EXERCISE BRIEF: Every line below needs to be printed again exactly, without any of its pictures.
────────────────
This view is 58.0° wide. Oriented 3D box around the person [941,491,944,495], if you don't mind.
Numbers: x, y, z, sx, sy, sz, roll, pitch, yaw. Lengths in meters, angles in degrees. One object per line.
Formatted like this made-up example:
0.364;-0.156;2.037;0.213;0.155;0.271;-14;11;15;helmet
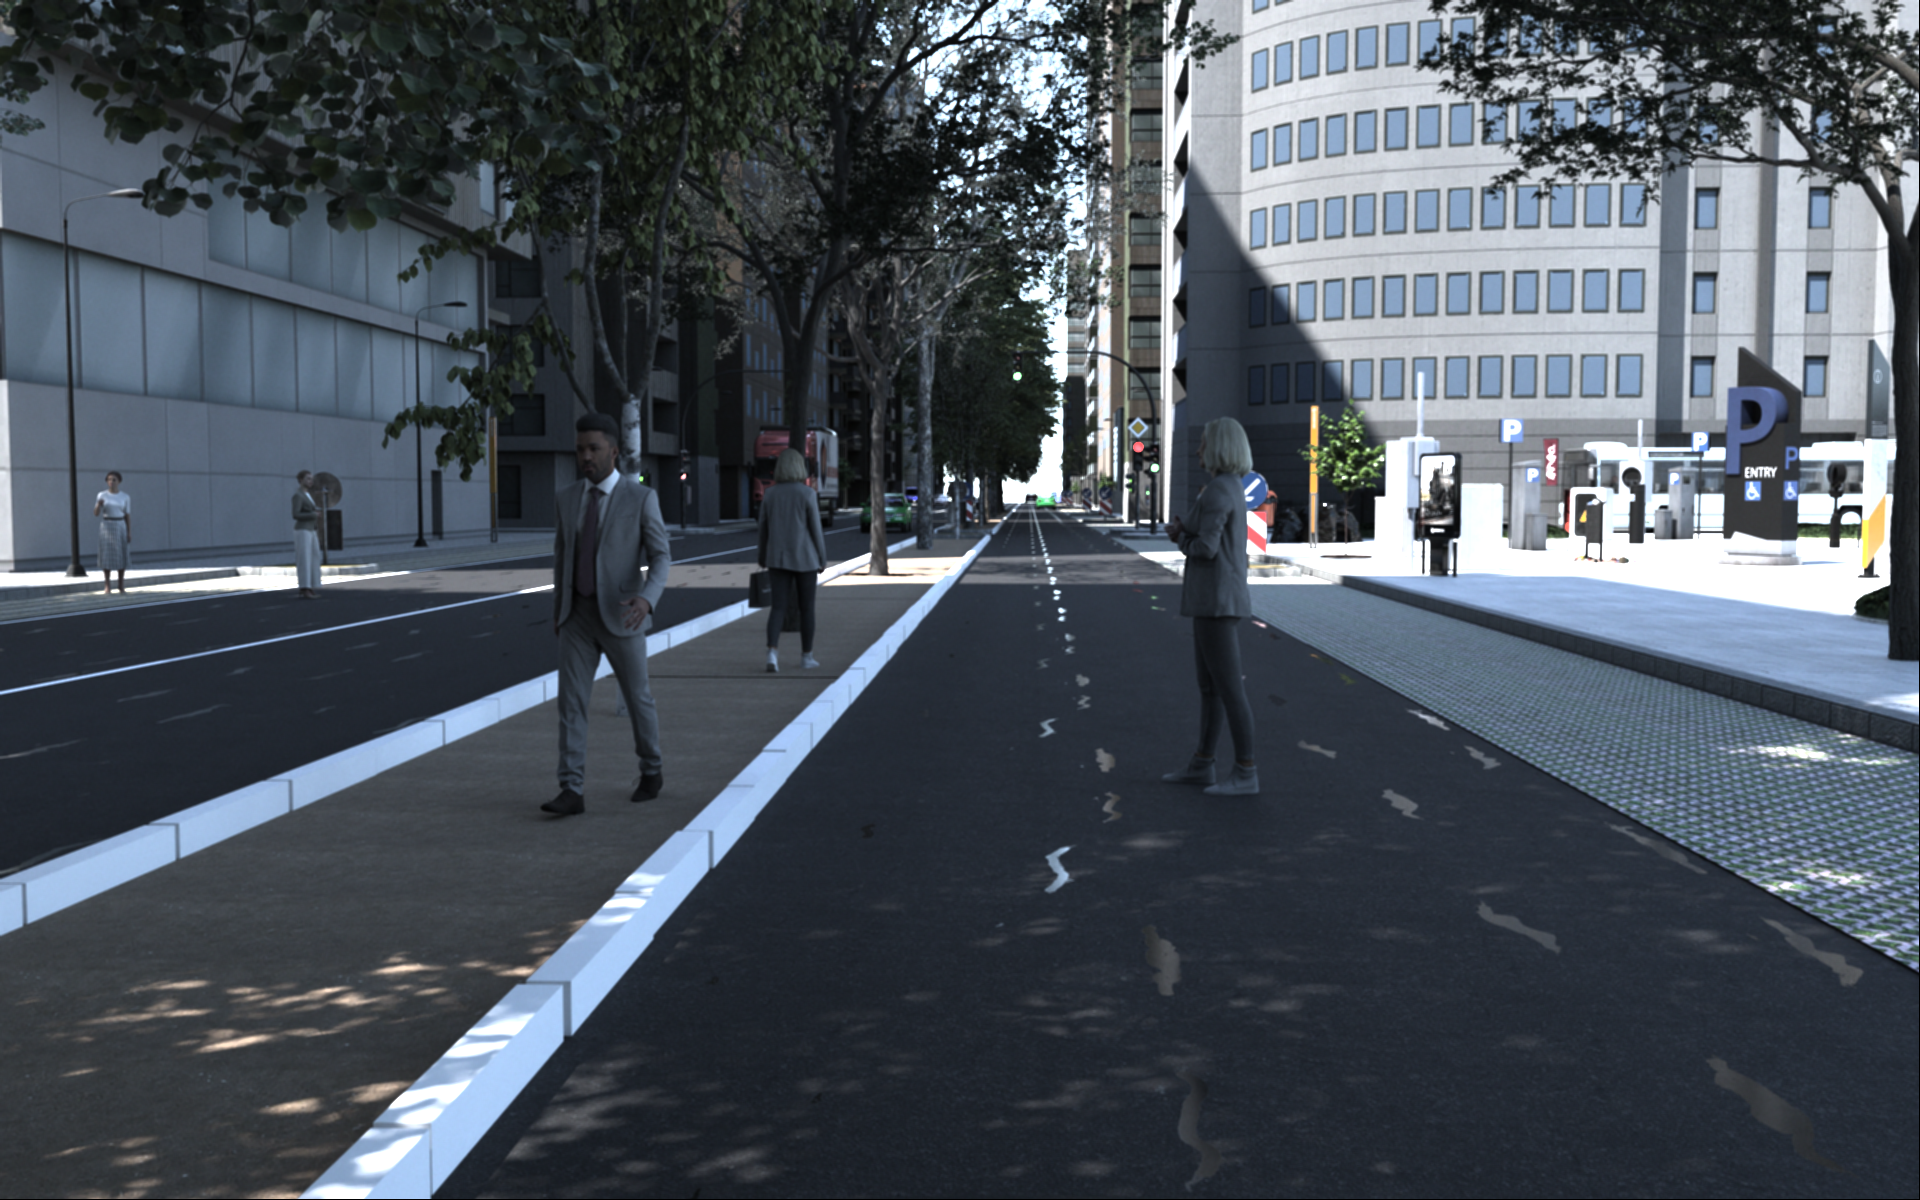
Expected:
-2.531;-14.638;247.906;1.350;1.814;0.705;1;4;22;person

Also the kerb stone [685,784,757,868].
-0.983;0.926;7.126;0.120;0.150;1.000;0;4;2;kerb stone

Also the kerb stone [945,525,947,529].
-0.701;-2.753;67.213;0.120;0.150;1.000;0;4;2;kerb stone

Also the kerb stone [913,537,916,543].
-1.413;-1.655;49.255;0.120;0.150;1.000;0;4;2;kerb stone

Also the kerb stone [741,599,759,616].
-2.552;0.099;20.584;0.120;0.150;1.000;0;4;2;kerb stone

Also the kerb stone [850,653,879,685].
-0.741;0.545;13.287;0.120;0.150;1.000;0;4;2;kerb stone

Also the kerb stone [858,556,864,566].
-2.027;-0.715;33.888;0.120;0.150;1.000;0;4;2;kerb stone

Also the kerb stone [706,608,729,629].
-2.640;0.224;18.530;0.120;0.150;1.000;0;4;2;kerb stone

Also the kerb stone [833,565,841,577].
-2.197;-0.461;29.800;0.120;0.150;1.000;0;4;2;kerb stone

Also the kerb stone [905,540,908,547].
-1.538;-1.462;46.175;0.120;0.150;1.000;0;4;2;kerb stone

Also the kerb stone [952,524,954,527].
-0.457;-3.128;73.343;0.120;0.150;1.000;0;4;2;kerb stone

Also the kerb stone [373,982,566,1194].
-1.118;1.111;4.035;0.120;0.150;1.000;0;4;2;kerb stone

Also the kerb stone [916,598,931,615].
-0.459;0.109;20.469;0.120;0.150;1.000;0;4;2;kerb stone

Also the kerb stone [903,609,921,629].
-0.538;0.234;18.412;0.120;0.150;1.000;0;4;2;kerb stone

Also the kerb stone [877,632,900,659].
-0.654;0.422;15.332;0.120;0.150;1.000;0;4;2;kerb stone

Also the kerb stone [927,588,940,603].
-0.374;-0.020;22.525;0.120;0.150;1.000;0;4;2;kerb stone

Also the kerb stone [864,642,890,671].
-0.702;0.482;14.310;0.120;0.150;1.000;0;4;2;kerb stone

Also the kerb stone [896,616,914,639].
-0.578;0.294;17.387;0.120;0.150;1.000;0;4;2;kerb stone

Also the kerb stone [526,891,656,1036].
-1.067;1.050;5.075;0.120;0.150;1.000;0;4;2;kerb stone

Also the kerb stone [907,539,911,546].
-1.494;-1.528;47.203;0.120;0.150;1.000;0;4;2;kerb stone

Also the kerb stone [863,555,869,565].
-1.984;-0.773;34.909;0.120;0.150;1.000;0;4;2;kerb stone

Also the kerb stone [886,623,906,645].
-0.626;0.357;16.361;0.120;0.150;1.000;0;4;2;kerb stone

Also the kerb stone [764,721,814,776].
-0.912;0.795;9.190;0.120;0.150;1.000;0;4;2;kerb stone

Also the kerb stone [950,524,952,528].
-0.534;-3.003;71.300;0.120;0.150;1.000;0;4;2;kerb stone

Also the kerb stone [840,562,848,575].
-2.147;-0.528;30.823;0.120;0.150;1.000;0;4;2;kerb stone

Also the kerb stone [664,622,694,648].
-2.718;0.349;16.486;0.120;0.150;1.000;0;4;2;kerb stone

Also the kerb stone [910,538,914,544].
-1.452;-1.592;48.232;0.120;0.150;1.000;0;4;2;kerb stone

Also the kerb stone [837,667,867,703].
-0.784;0.616;12.258;0.120;0.150;1.000;0;4;2;kerb stone

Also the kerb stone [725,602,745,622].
-2.603;0.161;19.560;0.120;0.150;1.000;0;4;2;kerb stone

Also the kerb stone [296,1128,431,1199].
-1.154;1.175;3.014;0.120;0.150;1.000;0;4;2;kerb stone

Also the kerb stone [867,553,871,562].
-1.951;-0.835;35.932;0.120;0.150;1.000;0;4;2;kerb stone

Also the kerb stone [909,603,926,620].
-0.505;0.169;19.433;0.120;0.150;1.000;0;4;2;kerb stone

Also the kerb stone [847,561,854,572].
-2.104;-0.585;31.845;0.120;0.150;1.000;0;4;2;kerb stone

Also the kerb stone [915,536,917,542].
-1.373;-1.717;50.277;0.120;0.150;1.000;0;4;2;kerb stone

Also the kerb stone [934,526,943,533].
-0.817;-2.565;64.141;0.120;0.150;1.000;0;4;2;kerb stone

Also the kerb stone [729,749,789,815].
-0.949;0.864;8.159;0.120;0.150;1.000;0;4;2;kerb stone

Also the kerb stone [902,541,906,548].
-1.566;-1.404;45.146;0.120;0.150;1.000;0;4;2;kerb stone

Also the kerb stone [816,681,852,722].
-0.828;0.671;11.236;0.120;0.150;1.000;0;4;2;kerb stone

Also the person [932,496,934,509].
-2.655;-9.166;161.547;0.628;1.438;0.799;-3;5;-43;person

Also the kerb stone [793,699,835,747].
-0.869;0.734;10.212;0.120;0.150;1.000;0;4;2;kerb stone

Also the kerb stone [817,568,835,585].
-2.231;-0.399;28.778;0.120;0.150;1.000;0;4;2;kerb stone

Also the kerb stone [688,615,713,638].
-2.677;0.287;17.507;0.120;0.150;1.000;0;4;2;kerb stone

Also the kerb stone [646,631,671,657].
-2.768;0.415;15.459;0.120;0.150;1.000;0;4;2;kerb stone

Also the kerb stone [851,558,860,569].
-2.064;-0.653;32.866;0.120;0.150;1.000;0;4;2;kerb stone

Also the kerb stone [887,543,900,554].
-1.658;-1.278;43.096;0.120;0.150;1.000;0;4;2;kerb stone

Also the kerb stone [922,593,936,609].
-0.414;0.043;21.499;0.120;0.150;1.000;0;4;2;kerb stone

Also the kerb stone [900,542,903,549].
-1.612;-1.341;44.125;0.120;0.150;1.000;0;4;2;kerb stone

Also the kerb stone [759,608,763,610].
-2.512;0.040;21.606;0.120;0.150;1.000;0;4;2;kerb stone

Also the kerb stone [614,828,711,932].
-1.037;0.985;6.096;0.120;0.150;1.000;0;4;2;kerb stone

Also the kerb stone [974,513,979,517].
1.172;-5.631;114.328;0.120;0.150;1.000;0;4;2;kerb stone
────────────────
REPLY:
This view is 58.0° wide. Oriented 3D box around the person [941,491,944,495], if you don't mind.
Numbers: x, y, z, sx, sy, sz, roll, pitch, yaw. Lengths in meters, angles in degrees. One object per line.
Formatted like this made-up example:
0.364;-0.156;2.037;0.213;0.155;0.271;-14;11;15;helmet
Expected:
-2.531;-14.638;247.906;1.350;1.814;0.705;1;4;22;person

Also the kerb stone [685,784,757,868].
-0.983;0.926;7.126;0.120;0.150;1.000;0;4;2;kerb stone

Also the kerb stone [945,525,947,529].
-0.701;-2.753;67.213;0.120;0.150;1.000;0;4;2;kerb stone

Also the kerb stone [913,537,916,543].
-1.413;-1.655;49.255;0.120;0.150;1.000;0;4;2;kerb stone

Also the kerb stone [741,599,759,616].
-2.552;0.099;20.584;0.120;0.150;1.000;0;4;2;kerb stone

Also the kerb stone [850,653,879,685].
-0.741;0.545;13.287;0.120;0.150;1.000;0;4;2;kerb stone

Also the kerb stone [858,556,864,566].
-2.027;-0.715;33.888;0.120;0.150;1.000;0;4;2;kerb stone

Also the kerb stone [706,608,729,629].
-2.640;0.224;18.530;0.120;0.150;1.000;0;4;2;kerb stone

Also the kerb stone [833,565,841,577].
-2.197;-0.461;29.800;0.120;0.150;1.000;0;4;2;kerb stone

Also the kerb stone [905,540,908,547].
-1.538;-1.462;46.175;0.120;0.150;1.000;0;4;2;kerb stone

Also the kerb stone [952,524,954,527].
-0.457;-3.128;73.343;0.120;0.150;1.000;0;4;2;kerb stone

Also the kerb stone [373,982,566,1194].
-1.118;1.111;4.035;0.120;0.150;1.000;0;4;2;kerb stone

Also the kerb stone [916,598,931,615].
-0.459;0.109;20.469;0.120;0.150;1.000;0;4;2;kerb stone

Also the kerb stone [903,609,921,629].
-0.538;0.234;18.412;0.120;0.150;1.000;0;4;2;kerb stone

Also the kerb stone [877,632,900,659].
-0.654;0.422;15.332;0.120;0.150;1.000;0;4;2;kerb stone

Also the kerb stone [927,588,940,603].
-0.374;-0.020;22.525;0.120;0.150;1.000;0;4;2;kerb stone

Also the kerb stone [864,642,890,671].
-0.702;0.482;14.310;0.120;0.150;1.000;0;4;2;kerb stone

Also the kerb stone [896,616,914,639].
-0.578;0.294;17.387;0.120;0.150;1.000;0;4;2;kerb stone

Also the kerb stone [526,891,656,1036].
-1.067;1.050;5.075;0.120;0.150;1.000;0;4;2;kerb stone

Also the kerb stone [907,539,911,546].
-1.494;-1.528;47.203;0.120;0.150;1.000;0;4;2;kerb stone

Also the kerb stone [863,555,869,565].
-1.984;-0.773;34.909;0.120;0.150;1.000;0;4;2;kerb stone

Also the kerb stone [886,623,906,645].
-0.626;0.357;16.361;0.120;0.150;1.000;0;4;2;kerb stone

Also the kerb stone [764,721,814,776].
-0.912;0.795;9.190;0.120;0.150;1.000;0;4;2;kerb stone

Also the kerb stone [950,524,952,528].
-0.534;-3.003;71.300;0.120;0.150;1.000;0;4;2;kerb stone

Also the kerb stone [840,562,848,575].
-2.147;-0.528;30.823;0.120;0.150;1.000;0;4;2;kerb stone

Also the kerb stone [664,622,694,648].
-2.718;0.349;16.486;0.120;0.150;1.000;0;4;2;kerb stone

Also the kerb stone [910,538,914,544].
-1.452;-1.592;48.232;0.120;0.150;1.000;0;4;2;kerb stone

Also the kerb stone [837,667,867,703].
-0.784;0.616;12.258;0.120;0.150;1.000;0;4;2;kerb stone

Also the kerb stone [725,602,745,622].
-2.603;0.161;19.560;0.120;0.150;1.000;0;4;2;kerb stone

Also the kerb stone [296,1128,431,1199].
-1.154;1.175;3.014;0.120;0.150;1.000;0;4;2;kerb stone

Also the kerb stone [867,553,871,562].
-1.951;-0.835;35.932;0.120;0.150;1.000;0;4;2;kerb stone

Also the kerb stone [909,603,926,620].
-0.505;0.169;19.433;0.120;0.150;1.000;0;4;2;kerb stone

Also the kerb stone [847,561,854,572].
-2.104;-0.585;31.845;0.120;0.150;1.000;0;4;2;kerb stone

Also the kerb stone [915,536,917,542].
-1.373;-1.717;50.277;0.120;0.150;1.000;0;4;2;kerb stone

Also the kerb stone [934,526,943,533].
-0.817;-2.565;64.141;0.120;0.150;1.000;0;4;2;kerb stone

Also the kerb stone [729,749,789,815].
-0.949;0.864;8.159;0.120;0.150;1.000;0;4;2;kerb stone

Also the kerb stone [902,541,906,548].
-1.566;-1.404;45.146;0.120;0.150;1.000;0;4;2;kerb stone

Also the kerb stone [816,681,852,722].
-0.828;0.671;11.236;0.120;0.150;1.000;0;4;2;kerb stone

Also the person [932,496,934,509].
-2.655;-9.166;161.547;0.628;1.438;0.799;-3;5;-43;person

Also the kerb stone [793,699,835,747].
-0.869;0.734;10.212;0.120;0.150;1.000;0;4;2;kerb stone

Also the kerb stone [817,568,835,585].
-2.231;-0.399;28.778;0.120;0.150;1.000;0;4;2;kerb stone

Also the kerb stone [688,615,713,638].
-2.677;0.287;17.507;0.120;0.150;1.000;0;4;2;kerb stone

Also the kerb stone [646,631,671,657].
-2.768;0.415;15.459;0.120;0.150;1.000;0;4;2;kerb stone

Also the kerb stone [851,558,860,569].
-2.064;-0.653;32.866;0.120;0.150;1.000;0;4;2;kerb stone

Also the kerb stone [887,543,900,554].
-1.658;-1.278;43.096;0.120;0.150;1.000;0;4;2;kerb stone

Also the kerb stone [922,593,936,609].
-0.414;0.043;21.499;0.120;0.150;1.000;0;4;2;kerb stone

Also the kerb stone [900,542,903,549].
-1.612;-1.341;44.125;0.120;0.150;1.000;0;4;2;kerb stone

Also the kerb stone [759,608,763,610].
-2.512;0.040;21.606;0.120;0.150;1.000;0;4;2;kerb stone

Also the kerb stone [614,828,711,932].
-1.037;0.985;6.096;0.120;0.150;1.000;0;4;2;kerb stone

Also the kerb stone [974,513,979,517].
1.172;-5.631;114.328;0.120;0.150;1.000;0;4;2;kerb stone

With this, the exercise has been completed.